Robert F. Lanzillotti Prize

The Robert F. Lanzillotti Prize is for the best paper in antitrust economics accepted for presentation at the International Industrial Organization Conference.

Dr. Robert F. Lanzillotti was the Founding Director of the Robert F. Lanzillotti Public Policy Research Center at the University of Florida. Bob believed strongly that public policy should be informed by rigorous, unbiased economic research.
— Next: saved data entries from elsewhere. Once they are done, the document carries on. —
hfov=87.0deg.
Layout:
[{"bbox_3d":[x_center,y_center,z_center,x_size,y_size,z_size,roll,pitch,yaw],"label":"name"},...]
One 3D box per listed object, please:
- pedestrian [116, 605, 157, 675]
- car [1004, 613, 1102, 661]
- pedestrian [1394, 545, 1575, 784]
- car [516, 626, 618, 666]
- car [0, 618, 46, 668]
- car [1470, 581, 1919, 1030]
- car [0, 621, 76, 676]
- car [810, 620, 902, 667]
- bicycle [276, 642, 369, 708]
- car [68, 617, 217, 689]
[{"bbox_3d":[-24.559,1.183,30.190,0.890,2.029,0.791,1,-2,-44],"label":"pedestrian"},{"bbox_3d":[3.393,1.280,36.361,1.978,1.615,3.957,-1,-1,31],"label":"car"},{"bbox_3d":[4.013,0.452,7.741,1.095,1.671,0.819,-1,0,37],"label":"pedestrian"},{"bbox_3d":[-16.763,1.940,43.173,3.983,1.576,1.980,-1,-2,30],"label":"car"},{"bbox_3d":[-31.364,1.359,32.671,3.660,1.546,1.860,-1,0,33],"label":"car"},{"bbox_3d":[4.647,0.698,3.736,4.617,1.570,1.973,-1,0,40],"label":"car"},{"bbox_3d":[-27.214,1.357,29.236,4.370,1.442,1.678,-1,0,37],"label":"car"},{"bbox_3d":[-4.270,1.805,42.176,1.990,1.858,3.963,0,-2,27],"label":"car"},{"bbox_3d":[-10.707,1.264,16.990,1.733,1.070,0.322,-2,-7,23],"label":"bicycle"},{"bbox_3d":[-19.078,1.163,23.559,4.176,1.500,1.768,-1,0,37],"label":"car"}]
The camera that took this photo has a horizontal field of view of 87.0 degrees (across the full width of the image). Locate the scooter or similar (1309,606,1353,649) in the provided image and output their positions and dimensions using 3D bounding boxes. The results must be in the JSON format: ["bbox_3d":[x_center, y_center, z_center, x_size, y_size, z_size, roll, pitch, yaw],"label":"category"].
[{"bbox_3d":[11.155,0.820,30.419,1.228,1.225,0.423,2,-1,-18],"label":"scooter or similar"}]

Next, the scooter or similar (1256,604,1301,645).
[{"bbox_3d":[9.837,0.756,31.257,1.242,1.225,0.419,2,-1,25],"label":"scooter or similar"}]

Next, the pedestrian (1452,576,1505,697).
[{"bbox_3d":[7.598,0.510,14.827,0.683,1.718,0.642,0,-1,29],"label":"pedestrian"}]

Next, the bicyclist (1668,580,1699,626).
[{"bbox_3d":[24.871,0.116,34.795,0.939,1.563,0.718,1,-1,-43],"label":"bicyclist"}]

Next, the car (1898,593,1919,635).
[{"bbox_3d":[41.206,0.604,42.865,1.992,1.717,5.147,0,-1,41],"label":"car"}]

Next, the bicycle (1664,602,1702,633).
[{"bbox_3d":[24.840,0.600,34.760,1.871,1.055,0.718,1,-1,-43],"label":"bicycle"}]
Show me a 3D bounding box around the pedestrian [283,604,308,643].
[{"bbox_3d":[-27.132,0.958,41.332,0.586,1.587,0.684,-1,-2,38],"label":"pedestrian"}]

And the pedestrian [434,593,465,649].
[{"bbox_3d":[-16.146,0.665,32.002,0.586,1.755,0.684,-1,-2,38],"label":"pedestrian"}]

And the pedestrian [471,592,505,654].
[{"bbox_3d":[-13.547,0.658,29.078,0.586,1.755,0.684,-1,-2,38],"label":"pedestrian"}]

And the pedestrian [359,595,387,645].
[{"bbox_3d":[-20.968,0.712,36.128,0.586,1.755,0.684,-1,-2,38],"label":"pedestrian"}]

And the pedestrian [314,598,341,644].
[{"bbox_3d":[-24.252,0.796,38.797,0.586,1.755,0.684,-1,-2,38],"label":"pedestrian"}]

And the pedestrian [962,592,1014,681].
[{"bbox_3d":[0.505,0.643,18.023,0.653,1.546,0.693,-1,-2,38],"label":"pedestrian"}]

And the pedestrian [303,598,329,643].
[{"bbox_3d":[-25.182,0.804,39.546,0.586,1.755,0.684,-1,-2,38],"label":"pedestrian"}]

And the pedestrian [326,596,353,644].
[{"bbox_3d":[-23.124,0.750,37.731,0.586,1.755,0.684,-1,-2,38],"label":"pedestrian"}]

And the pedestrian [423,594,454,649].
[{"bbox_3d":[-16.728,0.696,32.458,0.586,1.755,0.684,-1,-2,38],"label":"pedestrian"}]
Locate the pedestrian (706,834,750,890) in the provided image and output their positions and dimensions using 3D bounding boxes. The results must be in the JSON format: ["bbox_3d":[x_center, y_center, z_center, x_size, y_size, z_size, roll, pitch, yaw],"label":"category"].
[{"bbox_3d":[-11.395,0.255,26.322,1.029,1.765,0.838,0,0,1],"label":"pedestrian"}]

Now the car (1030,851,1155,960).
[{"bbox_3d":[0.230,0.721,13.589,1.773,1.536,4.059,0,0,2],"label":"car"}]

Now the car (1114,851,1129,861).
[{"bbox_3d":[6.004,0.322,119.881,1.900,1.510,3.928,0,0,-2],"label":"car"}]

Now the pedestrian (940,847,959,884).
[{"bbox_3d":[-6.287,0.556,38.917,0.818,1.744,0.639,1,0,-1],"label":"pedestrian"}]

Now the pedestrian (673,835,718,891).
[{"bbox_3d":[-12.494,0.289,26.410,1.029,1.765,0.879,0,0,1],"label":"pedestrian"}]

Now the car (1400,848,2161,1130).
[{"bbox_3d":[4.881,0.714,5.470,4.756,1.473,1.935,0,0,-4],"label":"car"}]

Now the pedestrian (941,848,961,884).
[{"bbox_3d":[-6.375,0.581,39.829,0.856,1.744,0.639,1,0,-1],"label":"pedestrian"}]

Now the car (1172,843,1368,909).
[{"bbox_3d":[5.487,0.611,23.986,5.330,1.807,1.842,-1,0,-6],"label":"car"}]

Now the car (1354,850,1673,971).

To encourage and recognize outstanding research in antitrust economics, Bob established the Lanzillotti Prize.

Sadly, Bob Lanzillotti passed away on July 8, 2022. His legacy lives on as we continue to award the Robert F. Lanzillotti prize for the best paper in antitrust economics at the IIOC.

2023 Recipient

Thomas Eisenberg (University of Delaware), Manuel Estay (Universidad de Concepción), and Debi Prasad Mohapatra (University of Massachusetts), for “Welfare Effects of Trade Associations: The Case of the Chilean Salmon Export Industry”

Past Recipients

2022

Hendrik Döpper (DICE), Alexander MacKay (Harvard), Nathan H. Miller (Georgetown) and Joel Stiebale (DICE), for “Rising Markups and the Role of Consumer Preferences”

2021

Aaron Barkley, for “The Human Cost of Collusion: Health Effects of a Mexican Insulin Cartel”

2020

Colleen Cunningham (London Business School), Florian Ederer (Yale University) and Song Ma (Yale University), for “Killer Acquisitions”

2019

Justin Johnson (Cornell University) and Andrew Rhodes (Toulouse School of Economics), for “Multiproduct Mergers and Quality Competition”

2018

Sophia Ying Li (Cornerstone Research), Joe Mazur (Purdue University), Yongjoon Park (University of Maryland), James Roberts (Duke University), Andrew Sweeting (University of Maryland), and Jun Zhang (University of Maryland), for “Endogenous and Selective Service Choices After Airline Mergers”

2017

John Asker (UCLA), Chaim Fershtman (Tel Aviv University), Jihye Jeon (New York University), and Ariel Pakes (Harvard University), for “The Competitive Effects of Information Sharing”

2016

No award

2015

Nathan Miller (Georgetown University) and Matthew Weinberg (Drexel University), for “Mergers Facilitate Tacit Collusion: An Empirical Investigation of the Miller/Coors Joint Venture”

2014

Volker Nocke, (University of Mannheim), Ben Mermelstein (Northwestern University), Mark Satterthwaite (Northwestern University), and Michael Whinston (MIT and NBER), for “Internal Vs External Growth in Industries with Scale Economies: A Computational Model of Optimal Merger Policy”

2013

Philip G. Gayle (Kansas State University) and Huubinh B. Le (Kansas State University), for “Measuring Merger Cost Effects: Evidence from a Dynamic Structural Econometric Model”

2012

Richard Friberg (Stockholm School of Economics) and Andre Romahn (Stockholm School of Economics), for “Ex-Post Merger Review and Divestitures”

2011

Martijn Han (Amsterdam Center for Law and Economics) and Charles Angelucci (Toulouse School of Economics and CREST-LEI), for “Monitoring Managers Through Corporate Compliance Programs”

2010

Michelle Goeree (University of Southern California and University of Zurich) and Eric Helland (Claremont McKenna College and RAND) for “Do Research Joint Ventures Serve a Collusive Function?”

2009

Abraham Wickelgren (Northwestern University School of Law) and Marco Ottaviani (Kellogg School of Management, Northwestern University) for “Approval Regulation and Learning, with Application to Timing of Merger Control”

2008

The first annual Robert F. Lanzillotti Prize was awarded to Dennis W. Carlton (University of Chicago), Joshua S. Gans (University of Melbourne), and Michael Waldman (Cornell University), for “Why Tie a Product Consumers Do Not Use?”